(WHAT YOU NEED TO DO): Please reproduce, exactly and with nothing added, the line containing "Now every supplement tub." and every line after it to the end of the records.

Extracted data entries:
^^^^
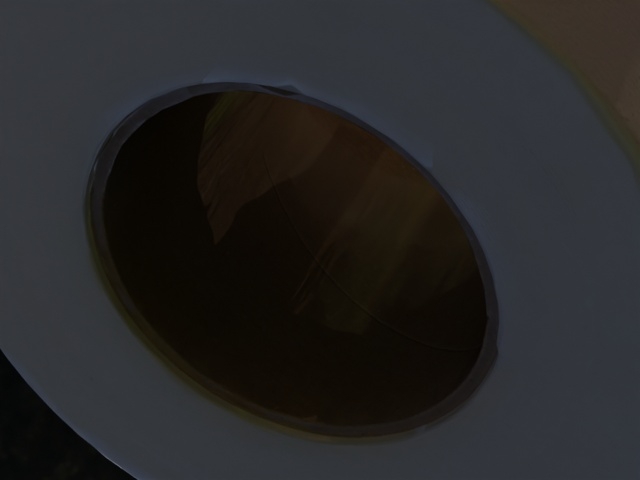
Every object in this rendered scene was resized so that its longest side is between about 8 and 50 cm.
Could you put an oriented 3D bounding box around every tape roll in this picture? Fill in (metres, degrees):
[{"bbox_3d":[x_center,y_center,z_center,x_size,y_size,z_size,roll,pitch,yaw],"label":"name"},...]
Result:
[{"bbox_3d":[0.019,-0.036,0.531,0.246,0.246,0.169,36,-137,-3],"label":"tape roll"}]
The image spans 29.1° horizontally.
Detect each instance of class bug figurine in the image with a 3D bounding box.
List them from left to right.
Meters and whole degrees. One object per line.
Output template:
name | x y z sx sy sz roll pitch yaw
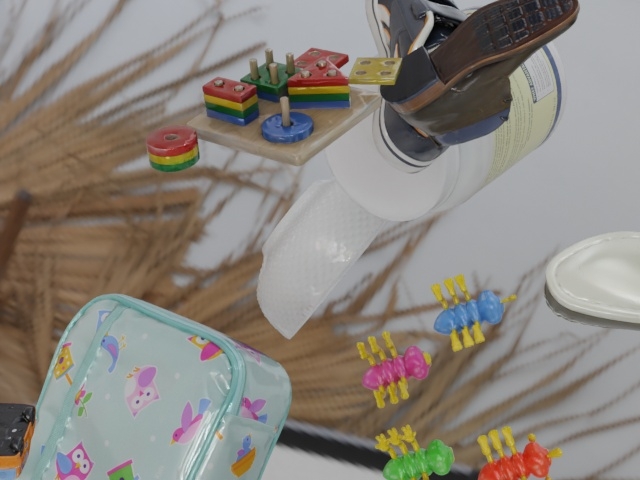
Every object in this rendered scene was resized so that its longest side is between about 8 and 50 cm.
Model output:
bug figurine | 0.159 0.193 1.481 0.072 0.216 0.279 37 37 -69

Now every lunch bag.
lunch bag | -0.170 0.197 1.088 0.108 0.224 0.279 32 80 -56

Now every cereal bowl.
cereal bowl | 0.000 0.000 2.136 0.339 0.141 0.339 -52 178 -3

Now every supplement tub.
supplement tub | 0.177 -0.180 1.734 0.325 0.235 0.235 -34 153 -44

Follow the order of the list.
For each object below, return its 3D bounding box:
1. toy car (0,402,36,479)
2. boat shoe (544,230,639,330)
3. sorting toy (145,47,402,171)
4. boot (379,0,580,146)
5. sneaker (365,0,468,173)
toy car | -0.234 0.134 0.758 0.060 0.122 0.041 -124 -149 -58
boat shoe | 0.363 0.052 1.261 0.091 0.305 0.109 108 -27 -53
sorting toy | -0.029 -0.135 1.139 0.274 0.132 0.046 -39 135 -40
boot | 0.180 -0.177 1.287 0.106 0.219 0.082 45 27 -45
sneaker | 0.135 -0.243 1.496 0.127 0.126 0.321 -39 -136 48
^^^^
(OUTPUT FOR THIS EXERCISE):
Now every supplement tub.
supplement tub | 0.177 -0.180 1.734 0.325 0.235 0.235 -34 153 -44

Follow the order of the list.
For each object below, return its 3D bounding box:
1. toy car (0,402,36,479)
2. boat shoe (544,230,639,330)
3. sorting toy (145,47,402,171)
4. boot (379,0,580,146)
5. sneaker (365,0,468,173)
toy car | -0.234 0.134 0.758 0.060 0.122 0.041 -124 -149 -58
boat shoe | 0.363 0.052 1.261 0.091 0.305 0.109 108 -27 -53
sorting toy | -0.029 -0.135 1.139 0.274 0.132 0.046 -39 135 -40
boot | 0.180 -0.177 1.287 0.106 0.219 0.082 45 27 -45
sneaker | 0.135 -0.243 1.496 0.127 0.126 0.321 -39 -136 48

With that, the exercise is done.